_AIM OF THE TASK_
Here is the task for the records below: repeat exactly the lines from the one with "8) car [1464,572,1661,640]" to the one with "44) car [0,553,76,810]", both included, and nothing else.
DATA FOR REVIEW section start
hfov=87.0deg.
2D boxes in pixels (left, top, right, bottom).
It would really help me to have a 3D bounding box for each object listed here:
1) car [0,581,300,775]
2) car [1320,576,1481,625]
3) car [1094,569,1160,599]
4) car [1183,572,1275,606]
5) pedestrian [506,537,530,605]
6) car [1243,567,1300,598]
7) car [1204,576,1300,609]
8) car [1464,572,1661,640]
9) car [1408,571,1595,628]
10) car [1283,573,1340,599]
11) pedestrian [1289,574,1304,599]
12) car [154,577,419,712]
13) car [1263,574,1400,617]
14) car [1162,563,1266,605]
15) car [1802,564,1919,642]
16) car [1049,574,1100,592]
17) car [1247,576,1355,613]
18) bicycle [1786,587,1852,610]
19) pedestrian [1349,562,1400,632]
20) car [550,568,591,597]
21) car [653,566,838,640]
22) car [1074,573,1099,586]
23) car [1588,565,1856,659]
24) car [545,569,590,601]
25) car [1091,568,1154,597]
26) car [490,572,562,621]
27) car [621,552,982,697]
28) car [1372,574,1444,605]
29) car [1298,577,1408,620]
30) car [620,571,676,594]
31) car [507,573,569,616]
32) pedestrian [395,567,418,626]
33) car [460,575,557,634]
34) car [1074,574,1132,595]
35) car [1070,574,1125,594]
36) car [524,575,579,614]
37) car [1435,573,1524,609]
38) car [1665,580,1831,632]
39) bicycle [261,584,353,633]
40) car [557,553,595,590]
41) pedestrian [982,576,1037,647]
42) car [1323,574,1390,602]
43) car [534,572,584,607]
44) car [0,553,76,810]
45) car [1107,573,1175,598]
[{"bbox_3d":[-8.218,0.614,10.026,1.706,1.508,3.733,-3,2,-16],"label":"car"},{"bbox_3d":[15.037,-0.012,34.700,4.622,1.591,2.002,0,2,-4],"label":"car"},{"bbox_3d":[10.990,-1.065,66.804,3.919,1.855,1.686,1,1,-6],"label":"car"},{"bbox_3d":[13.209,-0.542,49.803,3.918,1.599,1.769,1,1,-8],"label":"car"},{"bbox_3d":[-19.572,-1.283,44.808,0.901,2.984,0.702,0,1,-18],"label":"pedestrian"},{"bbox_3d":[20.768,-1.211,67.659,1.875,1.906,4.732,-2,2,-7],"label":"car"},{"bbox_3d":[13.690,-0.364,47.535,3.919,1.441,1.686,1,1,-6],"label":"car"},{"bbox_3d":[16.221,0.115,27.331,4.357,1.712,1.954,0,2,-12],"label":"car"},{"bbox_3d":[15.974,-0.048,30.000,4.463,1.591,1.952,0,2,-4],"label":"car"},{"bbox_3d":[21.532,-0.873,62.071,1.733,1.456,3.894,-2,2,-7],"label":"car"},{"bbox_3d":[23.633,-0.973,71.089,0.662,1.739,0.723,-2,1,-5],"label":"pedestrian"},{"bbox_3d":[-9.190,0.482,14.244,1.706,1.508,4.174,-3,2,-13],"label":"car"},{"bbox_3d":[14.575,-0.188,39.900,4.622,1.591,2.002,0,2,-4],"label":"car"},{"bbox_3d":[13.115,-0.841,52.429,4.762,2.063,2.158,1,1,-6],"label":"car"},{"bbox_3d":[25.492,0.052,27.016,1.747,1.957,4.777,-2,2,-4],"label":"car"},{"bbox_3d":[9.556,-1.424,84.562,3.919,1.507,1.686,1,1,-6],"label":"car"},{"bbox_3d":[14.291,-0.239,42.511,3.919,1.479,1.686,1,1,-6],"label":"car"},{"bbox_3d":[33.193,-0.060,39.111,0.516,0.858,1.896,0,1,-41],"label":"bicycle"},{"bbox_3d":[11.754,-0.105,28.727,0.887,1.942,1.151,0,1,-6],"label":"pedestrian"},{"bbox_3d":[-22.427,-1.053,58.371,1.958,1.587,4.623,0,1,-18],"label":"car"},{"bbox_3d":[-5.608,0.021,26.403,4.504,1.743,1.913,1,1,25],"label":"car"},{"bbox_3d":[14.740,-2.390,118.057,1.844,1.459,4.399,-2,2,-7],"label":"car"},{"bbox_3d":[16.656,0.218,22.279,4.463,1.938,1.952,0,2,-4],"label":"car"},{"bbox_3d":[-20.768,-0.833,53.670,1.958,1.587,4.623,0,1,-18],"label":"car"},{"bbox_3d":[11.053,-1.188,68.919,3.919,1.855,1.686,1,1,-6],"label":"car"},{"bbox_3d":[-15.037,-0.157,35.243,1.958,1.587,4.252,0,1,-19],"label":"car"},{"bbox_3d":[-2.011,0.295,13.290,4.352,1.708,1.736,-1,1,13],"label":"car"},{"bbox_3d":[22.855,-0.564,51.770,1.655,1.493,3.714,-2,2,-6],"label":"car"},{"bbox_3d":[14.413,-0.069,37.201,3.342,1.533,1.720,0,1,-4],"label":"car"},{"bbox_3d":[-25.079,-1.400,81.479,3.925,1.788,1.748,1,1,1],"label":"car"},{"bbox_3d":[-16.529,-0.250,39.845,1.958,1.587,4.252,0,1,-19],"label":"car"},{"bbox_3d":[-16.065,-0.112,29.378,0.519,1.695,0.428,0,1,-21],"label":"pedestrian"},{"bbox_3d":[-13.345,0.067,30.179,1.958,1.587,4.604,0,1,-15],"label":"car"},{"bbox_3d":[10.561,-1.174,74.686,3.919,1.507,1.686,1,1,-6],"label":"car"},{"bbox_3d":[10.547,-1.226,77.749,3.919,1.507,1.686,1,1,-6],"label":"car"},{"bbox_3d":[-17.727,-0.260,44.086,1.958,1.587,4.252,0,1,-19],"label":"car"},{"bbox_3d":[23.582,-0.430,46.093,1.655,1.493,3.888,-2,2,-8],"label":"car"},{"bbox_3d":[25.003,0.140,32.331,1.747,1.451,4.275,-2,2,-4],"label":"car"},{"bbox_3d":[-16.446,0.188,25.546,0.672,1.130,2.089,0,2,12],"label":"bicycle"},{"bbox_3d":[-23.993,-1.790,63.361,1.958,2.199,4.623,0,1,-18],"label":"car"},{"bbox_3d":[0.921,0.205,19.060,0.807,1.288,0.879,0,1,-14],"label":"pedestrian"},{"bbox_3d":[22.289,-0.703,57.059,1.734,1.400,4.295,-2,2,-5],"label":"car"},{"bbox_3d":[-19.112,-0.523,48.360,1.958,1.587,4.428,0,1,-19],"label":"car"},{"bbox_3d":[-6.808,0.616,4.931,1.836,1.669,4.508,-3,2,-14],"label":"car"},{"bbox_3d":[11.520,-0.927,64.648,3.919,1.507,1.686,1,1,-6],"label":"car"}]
DATA FOR REVIEW section end
DATA FOR REVIEW section start
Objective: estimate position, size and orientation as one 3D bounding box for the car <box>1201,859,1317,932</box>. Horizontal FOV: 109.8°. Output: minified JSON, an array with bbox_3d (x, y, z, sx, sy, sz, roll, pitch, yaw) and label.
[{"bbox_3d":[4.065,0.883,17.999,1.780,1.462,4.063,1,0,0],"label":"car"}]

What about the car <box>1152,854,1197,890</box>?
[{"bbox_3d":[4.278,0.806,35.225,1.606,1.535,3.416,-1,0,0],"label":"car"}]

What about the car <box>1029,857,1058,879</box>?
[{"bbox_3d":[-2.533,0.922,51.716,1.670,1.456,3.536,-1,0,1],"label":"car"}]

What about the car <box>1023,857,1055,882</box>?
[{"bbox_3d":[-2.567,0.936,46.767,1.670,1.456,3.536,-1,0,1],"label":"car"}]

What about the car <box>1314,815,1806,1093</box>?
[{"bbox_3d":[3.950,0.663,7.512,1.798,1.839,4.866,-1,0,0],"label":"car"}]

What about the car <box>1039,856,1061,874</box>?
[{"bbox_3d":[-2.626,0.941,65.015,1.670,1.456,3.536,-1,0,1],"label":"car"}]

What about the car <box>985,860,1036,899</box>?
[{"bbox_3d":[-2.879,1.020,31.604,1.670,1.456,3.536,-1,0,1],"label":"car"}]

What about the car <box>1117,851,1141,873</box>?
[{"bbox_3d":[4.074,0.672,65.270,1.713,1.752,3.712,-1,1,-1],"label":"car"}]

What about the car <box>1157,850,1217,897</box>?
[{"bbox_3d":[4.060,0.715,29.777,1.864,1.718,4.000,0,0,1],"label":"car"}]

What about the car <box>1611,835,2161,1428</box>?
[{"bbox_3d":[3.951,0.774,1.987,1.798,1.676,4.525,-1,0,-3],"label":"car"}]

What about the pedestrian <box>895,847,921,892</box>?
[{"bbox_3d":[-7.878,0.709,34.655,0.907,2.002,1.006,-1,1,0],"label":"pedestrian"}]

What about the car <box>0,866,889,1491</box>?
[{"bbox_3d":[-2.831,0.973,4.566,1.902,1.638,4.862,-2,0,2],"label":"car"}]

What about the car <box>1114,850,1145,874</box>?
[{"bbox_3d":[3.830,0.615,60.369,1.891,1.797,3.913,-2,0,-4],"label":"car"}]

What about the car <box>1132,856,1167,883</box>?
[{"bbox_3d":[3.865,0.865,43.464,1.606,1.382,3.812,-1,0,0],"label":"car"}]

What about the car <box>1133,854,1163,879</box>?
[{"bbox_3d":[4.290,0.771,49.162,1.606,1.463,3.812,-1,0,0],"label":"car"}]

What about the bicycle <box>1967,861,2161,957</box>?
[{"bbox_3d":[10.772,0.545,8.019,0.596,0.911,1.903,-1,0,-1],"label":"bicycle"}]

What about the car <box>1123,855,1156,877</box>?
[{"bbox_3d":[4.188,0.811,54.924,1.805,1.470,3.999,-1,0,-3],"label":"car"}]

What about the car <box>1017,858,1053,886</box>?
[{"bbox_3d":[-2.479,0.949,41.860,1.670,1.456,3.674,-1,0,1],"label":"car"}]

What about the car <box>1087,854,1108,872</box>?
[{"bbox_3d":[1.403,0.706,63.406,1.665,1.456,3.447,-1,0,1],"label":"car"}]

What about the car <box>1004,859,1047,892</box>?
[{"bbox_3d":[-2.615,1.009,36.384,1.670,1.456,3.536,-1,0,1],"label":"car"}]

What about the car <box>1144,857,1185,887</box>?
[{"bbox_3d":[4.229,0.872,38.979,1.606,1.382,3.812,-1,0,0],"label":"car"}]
DATA FOR REVIEW section end
_EXERCISE RESPONSE_
8) car [1464,572,1661,640]
9) car [1408,571,1595,628]
10) car [1283,573,1340,599]
11) pedestrian [1289,574,1304,599]
12) car [154,577,419,712]
13) car [1263,574,1400,617]
14) car [1162,563,1266,605]
15) car [1802,564,1919,642]
16) car [1049,574,1100,592]
17) car [1247,576,1355,613]
18) bicycle [1786,587,1852,610]
19) pedestrian [1349,562,1400,632]
20) car [550,568,591,597]
21) car [653,566,838,640]
22) car [1074,573,1099,586]
23) car [1588,565,1856,659]
24) car [545,569,590,601]
25) car [1091,568,1154,597]
26) car [490,572,562,621]
27) car [621,552,982,697]
28) car [1372,574,1444,605]
29) car [1298,577,1408,620]
30) car [620,571,676,594]
31) car [507,573,569,616]
32) pedestrian [395,567,418,626]
33) car [460,575,557,634]
34) car [1074,574,1132,595]
35) car [1070,574,1125,594]
36) car [524,575,579,614]
37) car [1435,573,1524,609]
38) car [1665,580,1831,632]
39) bicycle [261,584,353,633]
40) car [557,553,595,590]
41) pedestrian [982,576,1037,647]
42) car [1323,574,1390,602]
43) car [534,572,584,607]
44) car [0,553,76,810]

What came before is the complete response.